OpenCV is an open source library for computer vision, which comes together with libraries which we can use for our detection and recognition work.
In my understanding, the face detection will come first and the recognition second. In newer digital cameras and smartphones facial detection is quite common. Social media applications sometimes use facial recognition to suggest similar faces to be tagged in photo albums, or for photo album reorganization.
Tools based on or making use of OpenCV
Apart from the custom-written Python code which uses OpenCV and Numpy, I also found out there are several works which use TensorFlow together with neural networks, called YOLO (You Look Only Once). They are:
- darknet (written in C)
- darkflow (written with Python and seems to work as a wrapper for darknet) — You need to install different dependencies from darknet, for example Cython and TensorFlow. The good thing is that we could use this tool for a video post-processing, where instead of taking input directly from a webcam, we take it from existing videos. However, if you want to use the latest YOLO algorithm, then just stick to Darknet rather than using Darkflow. There is a fork on GitHub which could allow Darknet to save the output of the processed video into a file as well.
To rotate the video if it was taken from a smartphone but in a 180 degree position:
ffmpeg -i sourcefile.mp4 -vf "transpose=4" fileout.mp4
The transpose value depends on the nature of the rotation. If it’s 90 degrees, the transpose value should be 2. It also depends on whether the rotation is clockwise or counter-clockwise.
To convert the video to a slower framerate:
ffmpeg -i sourcefile.avi -r 8 fileout.mp4
For the Darkflow tool, the default output is in AVI format, but ffmpeg allows us to convert it to MP4 if you want.

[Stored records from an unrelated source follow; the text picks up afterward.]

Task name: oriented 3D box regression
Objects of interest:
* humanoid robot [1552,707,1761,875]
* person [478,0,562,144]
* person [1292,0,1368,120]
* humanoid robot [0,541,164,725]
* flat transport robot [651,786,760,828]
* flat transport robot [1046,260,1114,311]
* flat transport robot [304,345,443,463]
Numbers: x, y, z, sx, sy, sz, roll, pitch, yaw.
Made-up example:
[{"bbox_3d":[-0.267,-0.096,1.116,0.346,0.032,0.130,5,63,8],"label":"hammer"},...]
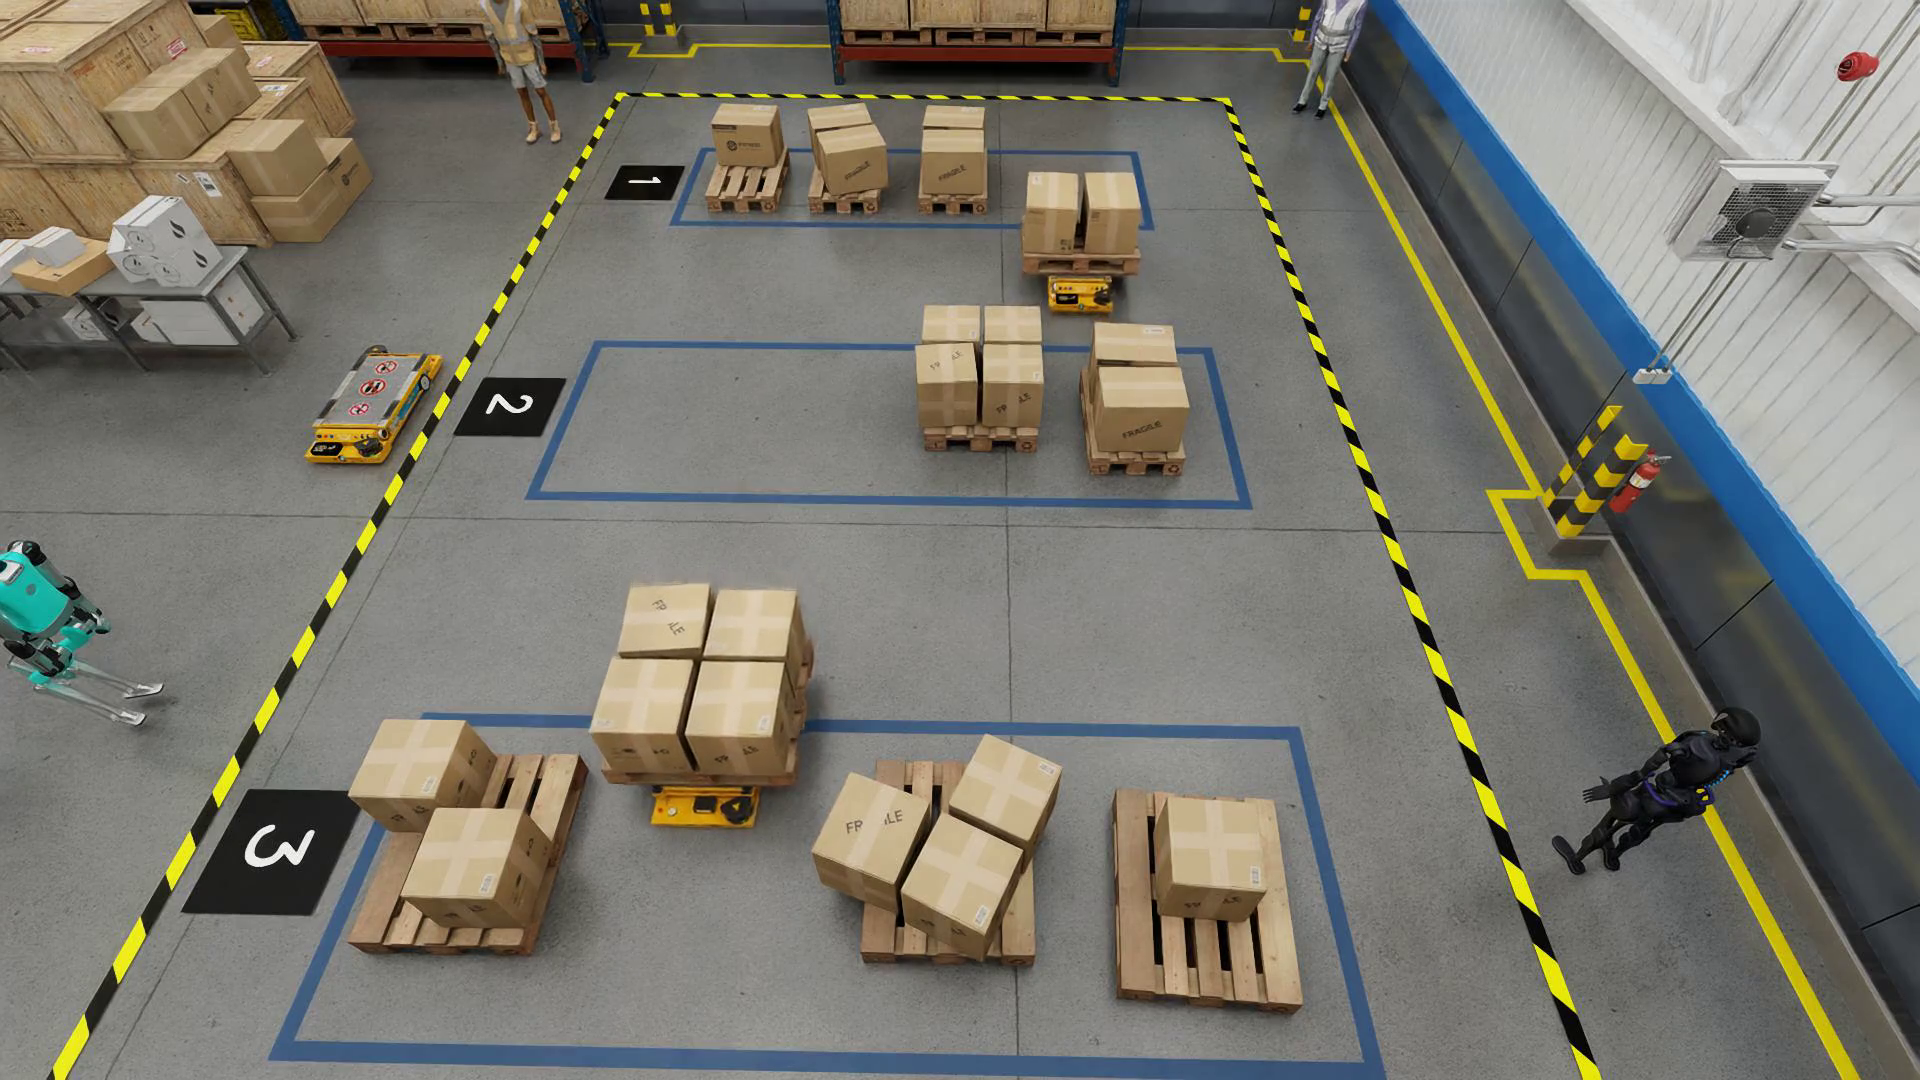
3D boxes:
[{"bbox_3d":[3.955,1.445,5.212,0.599,1.657,0.315,-1,50,-1],"label":"humanoid robot"},{"bbox_3d":[-5.368,-5.869,11.172,0.607,2.043,0.395,0,50,0],"label":"person"},{"bbox_3d":[4.744,-6.349,11.714,0.599,1.829,0.403,29,55,22],"label":"person"},{"bbox_3d":[-5.855,0.605,5.805,0.735,1.677,0.533,0,50,0],"label":"humanoid robot"},{"bbox_3d":[-1.642,1.250,6.291,0.652,0.197,1.431,1,50,1],"label":"flat transport robot"},{"bbox_3d":[1.259,-2.968,9.860,0.652,0.197,1.431,1,50,1],"label":"flat transport robot"},{"bbox_3d":[-5.383,-1.269,8.441,0.659,0.231,1.431,1,50,1],"label":"flat transport robot"}]

ImageAI is a Python-based computer vision library which utilizes the use of TensorFlow, Keras, Matplotlib and several other dependencies which are commonly used for machine learning. In terms of usage, it is similar to darkflow.
The advancement of AI field contributes a lot of useful automation to life. It can range from helping detect tumors, helping search and rescue missions, reducing keystrokes with keyword predictions, to spam filtering. AI also accelerates the field of image processing and pattern recognition.
A lot of the hard work of smart people and scholars have produced many smart solutions to make people live a better life with the use of AI. As I have shown, some of these tools could achieve better detection given a good amount of samples to be trained on and the correct size of picture to be detected.
The tools above will work as-is, but may need some tweaking/editing if you want to customize it. For example, some of the code works with their own demos, so you may need to pass an argument such as
sys.argv inside the Python code if you want to process your own video.